Early defenses tried to hide or obscure the model's gradients, reasoning that attackers could not compute perturbations without gradient access. This is known as gradient masking or obfuscated gradients, and it consistently fails. Attackers can bypass gradient masking via transfer attacks, using finite differences to approximate gradients, or using expectation over transformations. A defense that works only because the attacker cannot see gradients is not a real defense.
A researcher adds a tiny, human-imperceptible pattern of noise to a stop-sign image. A self-driving car's vision system, which correctly identified the sign without the noise, now classifies it as a 'speed limit 45' sign. This is an example of:
An attacker cannot access the weights of a deployed image classifier. They train their own model on thousands of input-output pairs queried from the target and craft adversarial examples against their substitute. Why might these examples still fool the target?
Design a Physical Adversarial Attack Scenario
- You are a security researcher hired to assess a computer vision system deployed in a specific high-stakes physical setting (choose one: a passport control camera, an autonomous vehicle's road sign recognizer, a factory defect detector, or a medical X-ray classifier).
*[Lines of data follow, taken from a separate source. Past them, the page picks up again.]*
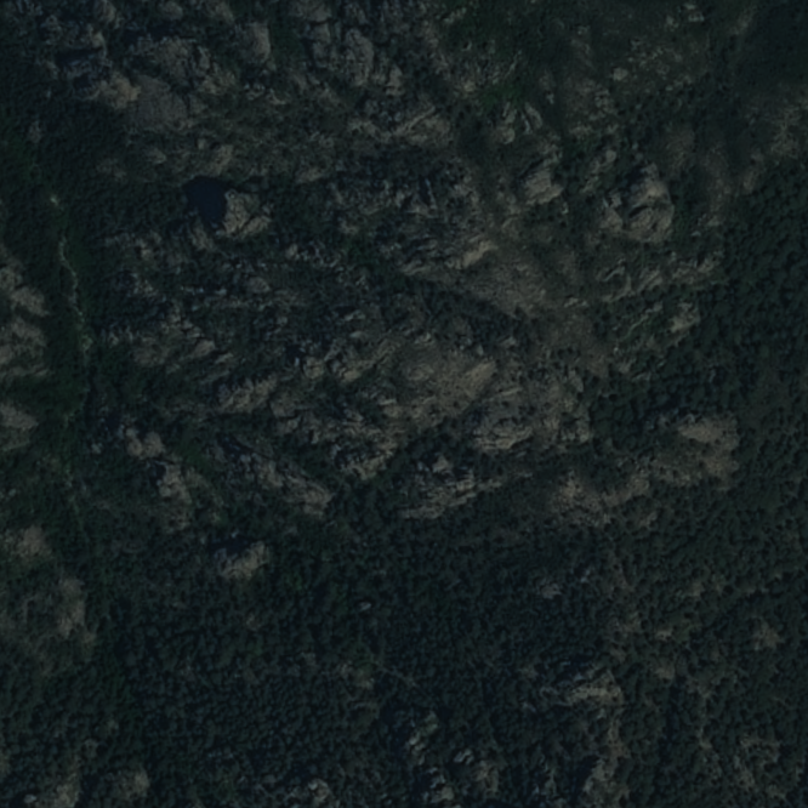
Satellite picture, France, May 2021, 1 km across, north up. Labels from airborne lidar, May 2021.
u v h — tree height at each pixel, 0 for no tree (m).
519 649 18
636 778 27
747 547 28
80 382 8
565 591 11
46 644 7
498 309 12
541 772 11
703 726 22
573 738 22
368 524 17
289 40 8
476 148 8
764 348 26
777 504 20
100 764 11
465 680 19
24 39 8
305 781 8
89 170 12
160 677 21
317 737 24
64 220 11
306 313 21
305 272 8
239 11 7
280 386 10
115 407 7
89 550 17
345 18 19
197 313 12
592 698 11
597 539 20
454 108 17
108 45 9
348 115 7
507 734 24
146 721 24
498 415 0
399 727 19
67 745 35
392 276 7
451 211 16
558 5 10
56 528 11
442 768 19
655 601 26
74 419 8
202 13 9
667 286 6
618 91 19
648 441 18
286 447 15
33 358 15
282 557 24
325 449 14
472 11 12
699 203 18
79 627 8
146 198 15
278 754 23
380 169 19
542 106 6
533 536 20
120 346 8
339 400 15
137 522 6
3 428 12
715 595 20
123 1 6
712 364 22
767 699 31
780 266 22
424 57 6
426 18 6
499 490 13
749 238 27
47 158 11
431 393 7
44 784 15
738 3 7
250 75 11
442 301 19
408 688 23
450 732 11
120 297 10
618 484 17
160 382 11
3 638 6
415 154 14
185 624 23
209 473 16
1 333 7
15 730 21
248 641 16
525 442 12
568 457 13
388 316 13
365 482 9
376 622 31
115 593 18
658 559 22
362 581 30
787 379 18
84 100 6
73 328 9
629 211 18
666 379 23
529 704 9
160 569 8
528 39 11
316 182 7
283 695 19
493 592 8
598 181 9
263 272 14
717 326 29
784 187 26
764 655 27
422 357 0
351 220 14
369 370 8
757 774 20
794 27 8
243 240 9
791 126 8
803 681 31
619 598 14
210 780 9
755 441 22
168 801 39
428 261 10
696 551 26
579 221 7
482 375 0
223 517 13
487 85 13
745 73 8
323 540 9
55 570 9
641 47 7
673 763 31
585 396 28
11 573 16
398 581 19
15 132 14
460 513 15
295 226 9
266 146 8
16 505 12
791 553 27
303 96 6
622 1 10
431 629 24
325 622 31
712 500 29
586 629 20
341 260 10
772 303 21
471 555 23
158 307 21
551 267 8
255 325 14
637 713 27
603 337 8
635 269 18
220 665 19
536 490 14
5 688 28
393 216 12
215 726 32
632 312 16
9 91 17
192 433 22
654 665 6
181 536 9
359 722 28
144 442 10
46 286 21
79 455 15
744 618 24
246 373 11
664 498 23
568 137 13
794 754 35
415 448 26
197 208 9
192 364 11
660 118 10
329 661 15
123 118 11
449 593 22
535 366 6
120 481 11
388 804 15
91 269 14
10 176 10
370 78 8
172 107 0
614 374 22
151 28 6
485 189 7
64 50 10
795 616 30
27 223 10
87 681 26
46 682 8
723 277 7
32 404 10
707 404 21
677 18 7
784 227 30
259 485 10
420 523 21
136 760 29
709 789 6
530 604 9
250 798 23
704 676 23
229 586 14
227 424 28
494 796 15
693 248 14
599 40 7
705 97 24
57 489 18
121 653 19

- Step 1: Describe your chosen system and what it is trying to classify.
- Step 2: Design an adversarial attack scenario: Who is the attacker? What is their goal? What physical perturbation could they introduce (stickers, printed overlays, physical modifications to objects)?
- Step 3: Analyze what defense would be most practical in your setting and why.
- Step 4: Identify one way the attacker could potentially defeat that defense.
- Step 5: Write a one-paragraph risk assessment: 'The adversarial attack risk for this system is [low/medium/high] because...'
- Be specific and technically grounded. Vague answers like 'add more security' are not acceptable.